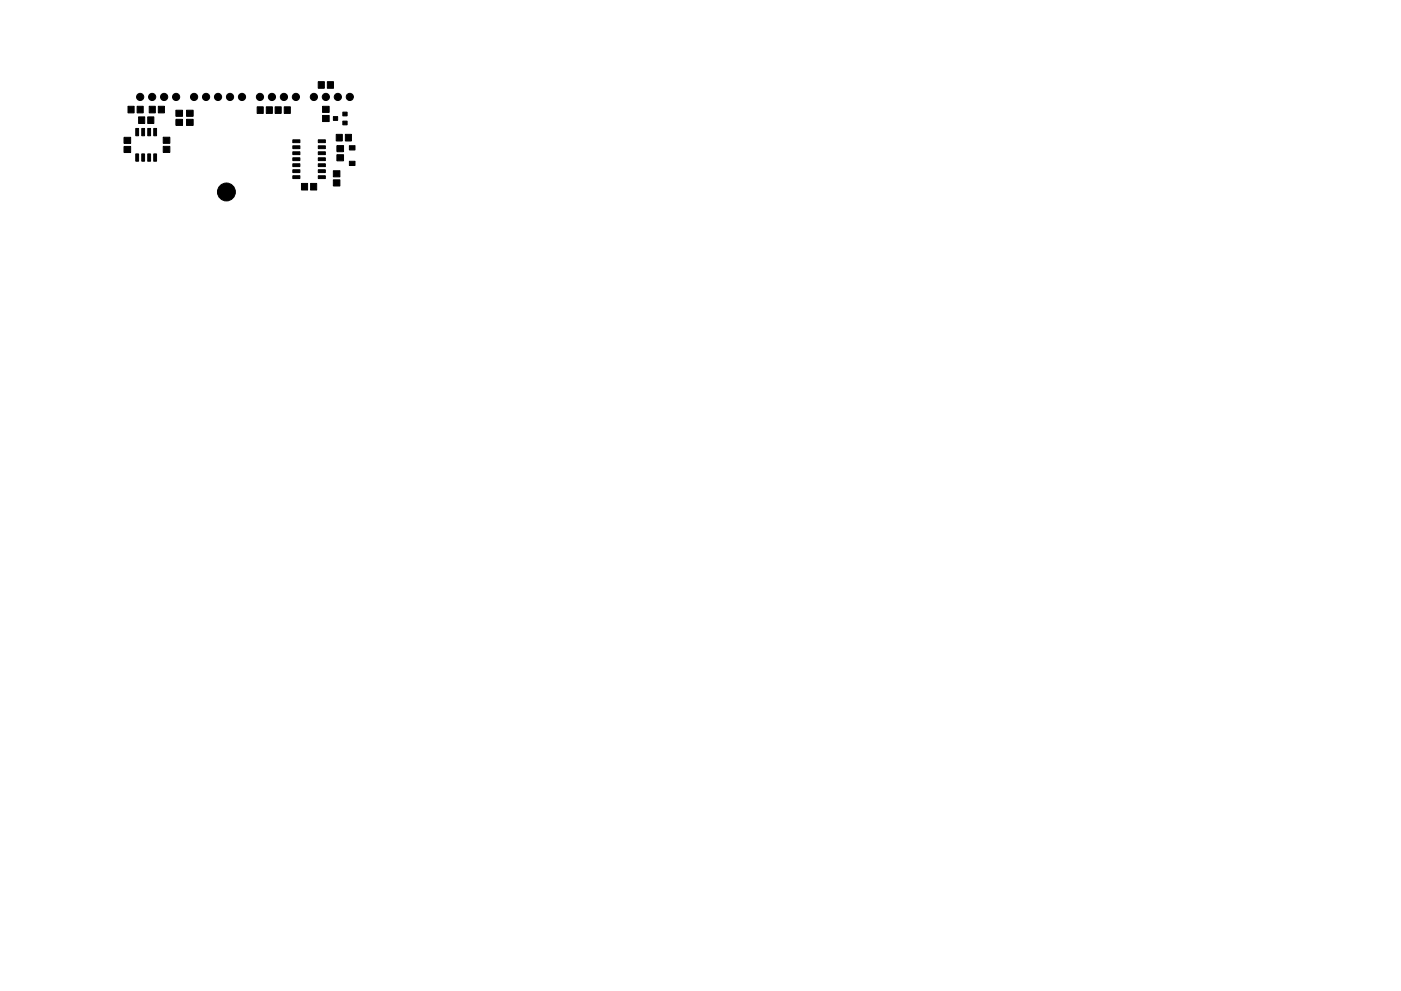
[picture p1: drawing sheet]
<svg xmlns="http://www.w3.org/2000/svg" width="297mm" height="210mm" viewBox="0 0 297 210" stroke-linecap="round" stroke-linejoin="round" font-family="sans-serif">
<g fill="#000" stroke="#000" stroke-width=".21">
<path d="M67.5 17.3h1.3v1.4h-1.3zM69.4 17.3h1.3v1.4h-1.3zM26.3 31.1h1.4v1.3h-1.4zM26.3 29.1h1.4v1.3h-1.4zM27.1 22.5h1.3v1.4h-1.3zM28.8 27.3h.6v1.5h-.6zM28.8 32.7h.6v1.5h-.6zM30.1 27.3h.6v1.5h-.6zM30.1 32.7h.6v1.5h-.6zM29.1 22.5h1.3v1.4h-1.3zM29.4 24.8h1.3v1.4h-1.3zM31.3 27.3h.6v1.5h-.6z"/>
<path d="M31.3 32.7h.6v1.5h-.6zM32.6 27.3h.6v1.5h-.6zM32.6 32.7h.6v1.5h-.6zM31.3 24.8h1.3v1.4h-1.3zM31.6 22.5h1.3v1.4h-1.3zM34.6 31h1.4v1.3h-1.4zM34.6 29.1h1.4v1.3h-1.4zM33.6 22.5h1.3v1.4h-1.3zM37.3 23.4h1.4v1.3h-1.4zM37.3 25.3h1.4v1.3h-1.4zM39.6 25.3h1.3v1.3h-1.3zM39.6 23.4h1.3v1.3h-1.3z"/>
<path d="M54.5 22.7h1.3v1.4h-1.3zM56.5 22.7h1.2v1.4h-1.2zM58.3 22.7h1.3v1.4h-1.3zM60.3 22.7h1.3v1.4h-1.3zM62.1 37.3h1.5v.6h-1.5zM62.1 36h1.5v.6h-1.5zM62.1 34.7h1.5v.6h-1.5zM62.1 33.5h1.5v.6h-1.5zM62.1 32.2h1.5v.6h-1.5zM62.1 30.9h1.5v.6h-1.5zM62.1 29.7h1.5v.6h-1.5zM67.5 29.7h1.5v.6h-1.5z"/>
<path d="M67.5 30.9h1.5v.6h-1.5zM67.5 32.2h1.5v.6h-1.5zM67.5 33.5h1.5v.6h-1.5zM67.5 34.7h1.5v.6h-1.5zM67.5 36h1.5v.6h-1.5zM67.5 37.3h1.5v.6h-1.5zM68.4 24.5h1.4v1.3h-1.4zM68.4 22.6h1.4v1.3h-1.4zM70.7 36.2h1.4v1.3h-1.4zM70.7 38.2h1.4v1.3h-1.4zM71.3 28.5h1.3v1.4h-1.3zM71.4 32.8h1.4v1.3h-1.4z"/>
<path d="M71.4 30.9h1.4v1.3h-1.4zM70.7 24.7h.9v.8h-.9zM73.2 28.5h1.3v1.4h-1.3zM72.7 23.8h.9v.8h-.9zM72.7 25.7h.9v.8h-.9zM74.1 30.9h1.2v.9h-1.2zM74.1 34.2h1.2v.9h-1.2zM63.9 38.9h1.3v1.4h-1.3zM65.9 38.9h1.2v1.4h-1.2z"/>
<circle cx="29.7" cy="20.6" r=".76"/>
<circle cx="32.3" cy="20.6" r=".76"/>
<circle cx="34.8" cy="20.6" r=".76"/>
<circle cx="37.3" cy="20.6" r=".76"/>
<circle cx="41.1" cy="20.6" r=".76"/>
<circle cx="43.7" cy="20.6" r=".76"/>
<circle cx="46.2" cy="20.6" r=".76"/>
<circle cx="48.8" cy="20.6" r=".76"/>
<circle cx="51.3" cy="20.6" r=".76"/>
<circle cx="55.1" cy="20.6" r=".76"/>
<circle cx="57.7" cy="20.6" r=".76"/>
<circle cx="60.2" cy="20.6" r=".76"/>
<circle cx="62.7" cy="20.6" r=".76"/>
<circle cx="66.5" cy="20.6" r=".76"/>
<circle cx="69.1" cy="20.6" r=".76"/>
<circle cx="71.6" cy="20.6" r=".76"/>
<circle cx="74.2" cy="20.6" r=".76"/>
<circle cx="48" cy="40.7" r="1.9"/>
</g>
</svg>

■ **Task prompt**
Reading through the records above, report each line in which the string "width" is found.

■ **Result**
<svg xmlns="http://www.w3.org/2000/svg" width="297mm" height="210mm" viewBox="0 0 297 210" stroke-linecap="round" stroke-linejoin="round" font-family="sans-serif">
<g fill="#000" stroke="#000" stroke-width=".21">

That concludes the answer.